Getting the good times going

Louisiana has been the place to party on Mardi Gras since the first Europeans got here. On March 3, 1699, about 60 miles south of what is today New Orleans, Pierre le Moyne d'Iberville and a shipload of Frenchmen and Canadians pulled up to the marshy coastline, looking for a likely place to begin the colonization of Louisiana.
The mud and marsh grass did not hold much promise, but Iberville decided to celebrate anyway. He'd consulted his calendar and discovered that it was Mardi Gras day. He named his landing spot Pointe du Mardi Gras and the marshy body of water behind it was named Bayou du Mardi Gras.
There is no record of anyone throwing any beads or doubloons, or a mad horseback ride through the countryside on that day. All of that would come later. There could have been a keg of wine involved -- after all, they were Frenchmen.

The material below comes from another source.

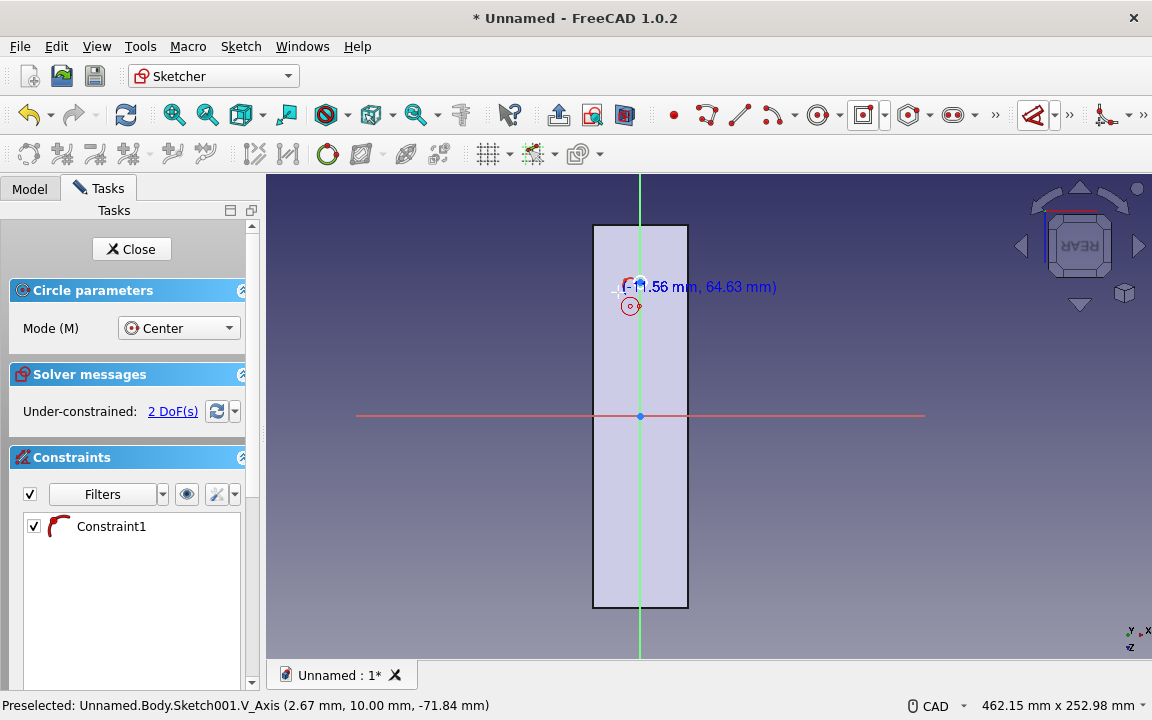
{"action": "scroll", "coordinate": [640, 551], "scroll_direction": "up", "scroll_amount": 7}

The first written reference to Mardi Gras celebrations in New Orleans is in a report by the Spanish government in 1781. It seems that there was some problem with crowd control. Masked balls had become common when France ruled colonial Louisiana, but Spain tried to discourage masking after it took over the state in 1762. It seems the French aristocrats in New Orleans, who did not like their new Spanish overlords, used their masks to mock and ridicule Spanish officials.
The attempt to ban masking continued after the Louisiana Purchase. Under American rule, all masked entertainment was banned in New Orleans. Those early Americans disliked what they considered Creole "wickedness," and tried to suppress Carnival in the city.
Commerce had as much to do with it as conviviality did in bringing Carnival to the countryside.  Merchants in south Louisiana cities complained that steamboat (and, later, rail) excursions to New Orleans for the Mardi Gras celebration deprived them of business.
The late Glen Conrad noted in a history of New Iberia, for example, "Beginning in the mid-1870s, hundreds of ... residents made an annual pilgrimage to New Orleans for Mardi Gras, and ... merchants loudly lamented the fact that large sums of money were being spent in the Crescent City."
But most of the first attempts to keep folks at home were apparently not well received. Revelers still left smaller towns by the hundreds to celebrate Carnival in the big city.
In 1869, "the old grown young and the merry young" did stay at home in Lafayette to attend a ball that was "a whirl of pleasure and gaiety." Visitors from St. Martin Parish "threw ... bright stars into the constellation of that night," according to a newspaper account.
Friends from St. Landry Parish had also been invited to the celebration, but most of them stayed at home, and were not among the "chivalric manhood ... [who] met with as bright smiles as ever ... rewarded [young knights]" or the "lovers wooing souls" that "basked in the sunshine of beauty's eye."
That seemed to be a trend in the early days in St. Landry. In 1873, the Opelousas Courier complained, "Had it not been for the impromptu turnout of about a dozen maskers--mostly small boys--Tuesday evening, we might never have known that Mardi Gras had reached as far as Opelousas. ... Not even a ball or a party could be gotten up to relieve the dull monotony of the season."
Hoping to salvage the situation, the Courier urged, "Can't the Fire Department ... take hold of the matter, and get up a ball, party, or 'shindig' of some description for St. Joseph's day? Who'll start the enterprise?  Don't all speak at once."